Although he had to turn the application in a few hours late, Filat was selected as one of about ten students chosen for the program among many students, most from prestigious ivy leagues like Stanford and Cornell University.
“I really didn’t think it was going to pan out. It seemed rather competitive and probably wasn’t going to be a thing I ended up doing,” Filat said.
Filat’s internship placed him with the National Immigration Law Center because of his interest in immigration law, which he thought was especially impressive. “They take three in-house students, and I believe it’s six or seven other students that they place in partner organizations”
Filat’s paid internship starts May 30th in Washington D.C.
“At the National Immigration Law Center, I will be working with research and advocacy.

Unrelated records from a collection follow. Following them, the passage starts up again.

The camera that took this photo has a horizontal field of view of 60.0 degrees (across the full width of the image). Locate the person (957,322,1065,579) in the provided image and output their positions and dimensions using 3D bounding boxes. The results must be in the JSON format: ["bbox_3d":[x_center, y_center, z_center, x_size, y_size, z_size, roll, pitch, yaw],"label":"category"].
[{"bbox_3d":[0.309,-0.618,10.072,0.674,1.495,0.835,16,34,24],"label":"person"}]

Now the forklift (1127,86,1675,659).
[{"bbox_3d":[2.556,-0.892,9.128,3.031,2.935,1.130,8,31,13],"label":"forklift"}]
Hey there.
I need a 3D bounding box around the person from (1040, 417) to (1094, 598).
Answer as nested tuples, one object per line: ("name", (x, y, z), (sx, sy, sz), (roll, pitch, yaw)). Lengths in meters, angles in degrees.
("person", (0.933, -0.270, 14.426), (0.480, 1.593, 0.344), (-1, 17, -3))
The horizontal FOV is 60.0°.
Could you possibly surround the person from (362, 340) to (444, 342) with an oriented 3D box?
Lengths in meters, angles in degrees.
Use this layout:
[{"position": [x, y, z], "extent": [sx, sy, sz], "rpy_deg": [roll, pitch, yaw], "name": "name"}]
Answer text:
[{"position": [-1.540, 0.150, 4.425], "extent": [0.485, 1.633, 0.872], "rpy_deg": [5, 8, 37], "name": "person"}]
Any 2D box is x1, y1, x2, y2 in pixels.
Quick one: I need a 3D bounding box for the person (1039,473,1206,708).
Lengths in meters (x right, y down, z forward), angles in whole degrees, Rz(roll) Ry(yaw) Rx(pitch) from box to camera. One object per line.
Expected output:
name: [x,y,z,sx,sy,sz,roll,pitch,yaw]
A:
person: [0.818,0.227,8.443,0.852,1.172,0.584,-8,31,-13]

They do a lot of their legal stuff in southern California, but in D.C. their office is focused on research and advocacy, and informing a lot of congressional offices about what is going on.”
He explained that the program’s scope of work is fairly broad, however “the organization is really focused on low-income migrants; individuals who are less benefitted by society.” When asked about the current crisis in Syria and his possible role in that issue, Filat responded “I think a lot of the work that we will be doing will have to deal with DACA and the Dreamers. The Syrian issue, what we will be doing in regards to that, will be more research based.”
During the internship, Filat plans to study for the LSAT and attend law school the following year. He credits his liberal arts education at Hendrix for helping land him this internship.
“The liberal arts education really develops your skills in [reading and writing] and certainly over the past four years mine have developed and improved. I think that put me at an advantage because part of the internship’s interview was a writing sample and then beyond the writing sample was a writing test,” Filat said. Filat also credits his professors at Hendrix for helping him along the way. “I know I developed an interest in foreign policy because of Ambassador Al Eastham. I know I was motivated to keep doing whatever I wanted from Jay Barth. I know I developed my real interest in research when I was doing my senior seminar with Peter Gess…so I wouldn’t say any one person so much as the community of staff and faculty that helped prepare me.”